If that’s the case, then the Canadian team will have a very productive break. After Megan Imrie led off in tenth and Zina Kocher improved one spot, Brendan Green cleaned without using any spare rounds and skied his way into fourth place.
JP Le Guellec used two spare rounds in his standing stage, dropping the team to sixth place, but still notched one of the best results in national team history.
The athletes could not be reached for comment after the race.
Their northern neighbors may have finished higher, but the American team actually had a stronger start. Leadoff racer Sara Studebaker skied a smart leg and cleaned both prone and standing; she was in fourth place when she left the range the final time.
“Cleaning in a relay is always advantageous, and today it really worked out for me,” Studebaker wrote in an e-mail. “It was a pretty amazing feeling, leaving the range after standing in fourth!”
While she has had a few strong efforts so far this season, Studebaker is still working to consistently achieve the top-30 results she saw last season.
“This was a very solid day for me, and shows me that my ski speed and shooting are coming together,” she said. “It was the perfect race for me to head into the break on- it was the confidence boost I needed.”
Studebaker tagged off to Annelies Cook, who made the most of her first weekend of World Cup racing this season by cleaning prone and leaving the range in second.
“I finally did what I know I can do in the range and cleaned,” she told FasterSkier. “At this point, I’ll take whatever I can! I knew some of the big guns would catch me and so I just tried to keep doing my own thing so I wouldn’t come in too gassed.”
While Cook used two spare rounds to clean in standing, she still kept the team in a good position, tagging off in eighth with a group of other skiers.
“I was scared to let my teammates down and I am so happy I didn’t,” she wrote in an e-mail. “It’s a good way to go home for Christmas. Now I can finally relax.”

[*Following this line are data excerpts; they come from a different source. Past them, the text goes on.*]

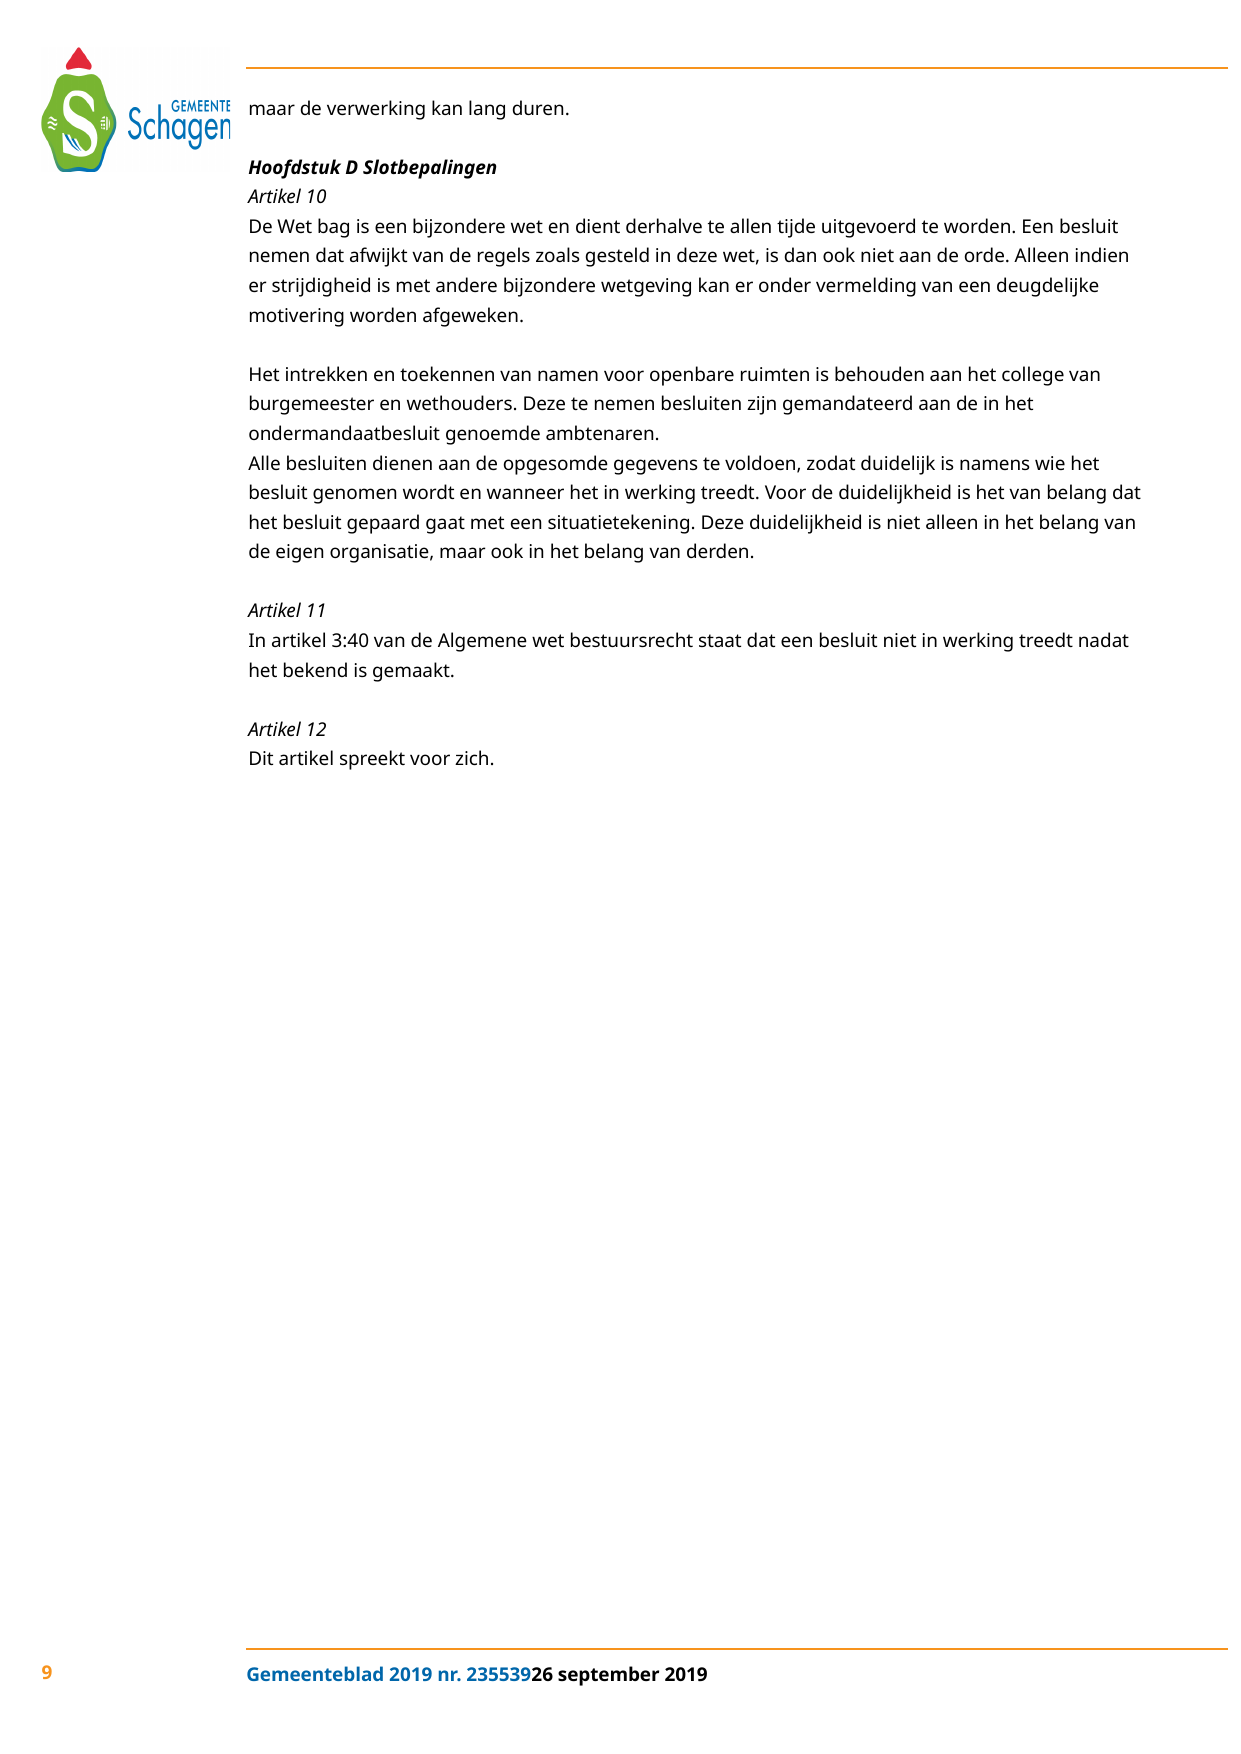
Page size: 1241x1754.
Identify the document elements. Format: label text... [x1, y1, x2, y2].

text In artikel 3:40 van de Algemene wet bestuursrecht staat dat een besluit niet in werking treedt nadat het bekend is gemaakt. [248, 627, 1152, 683]
text Alle besluiten dienen aan de opgesomde gegevens te voldoen, zodat duidelijk is namens wie het besluit genomen wordt en wanneer het in werking treedt. Voor de duidelijkheid is het van belang dat het besluit gepaard gaat met een situatietekening. Deze duidelijkheid is niet alleen in het belang van de eigen organisatie, maar ook in het belang van derden. [248, 450, 1152, 564]
text De Wet bag is een bijzondere wet en dient derhalve te allen tijde uitgevoerd te worden. Een besluit nemen dat afwijkt van de regels zoals gesteld in deze wet, is dan ook niet aan de orde. Alleen indien er strijdigheid is met andere bijzondere wetgeving kan er onder vermelding van een deugdelijke motivering worden afgeweken. [248, 213, 1152, 328]
picture [41, 47, 231, 172]
text Artikel 11 [248, 598, 1152, 623]
text Hoofdstuk D Slotbepalingen [248, 154, 1152, 180]
text Het intrekken en toekennen van namen voor openbare ruimten is behouden aan het college van burgemeester en wethouders. Deze te nemen besluiten zijn gemandateerd aan de in het ondermandaatbesluit genoemde ambtenaren. [248, 361, 1152, 446]
text maar de verwerking kan lang duren. [248, 95, 1152, 121]
text Artikel 12 [248, 716, 1152, 742]
text Artikel 10 [248, 183, 1152, 209]
text Dit artikel spreekt voor zich. [248, 746, 1152, 771]

Tim Burke took over and had an inauspicious start, using all three available spare rounds in prone and dropping to twelfth. But after a single spare in standing, Burke turned in the fastest finishing loop of the leg and jetted back up to eighth, where he had started.
Leif Nordgren also needed four spare rounds, and the team was in 14th place by the finish.
But the women had no hard feelings.
“Today was fantastically fun,” Cook said.
The team selection, on paper, was somewhat unexpected; left off were Lowell Bailey, currently ranked ninth in the overall World Cup, and Jay Hakkinen, who had placed ninth in the pursuit the day before. Absent too was rookie Susan Dunklee, who led the women’s team in several races and had the top finish so far, 28th.
But as Cobb had said, it was an issue of which athletes could make it to the start line. Dunklee, for instance, had come down with a cold.
“We have a better core now to choose from, so we are not so affected if we have to switch on or two names,” said head coach Per Nilsson. “Lowell and Jay have had many races with good results, but they were on the edge in terms of body and minds. We chose to go with Tim and Leif instead, to get one more race for them before the break.”
Studebaker was enthusiastic for future relays, including the women’s races – an area where the U.S. has not traditionally excelled. Over the course of Studebaker’s career, the top finish in a women’s relay has been 13th place.
“The fact that both Annelies and I had such good legs, and with Susan and the other girls in the mix, I think we can expect some good things from our relays this year,” Studebaker said.
And Nilsson saw promise for the mixed relay, which will be an Olympic sport for the first time in 2014.
“It’s fun to see that we have the potential to be up there,” the Swedish coach wrote in an e-mail. “As you saw, Canada was up there fighting for the top spots until the bitter end. I feel that we have at least the same potential as them.”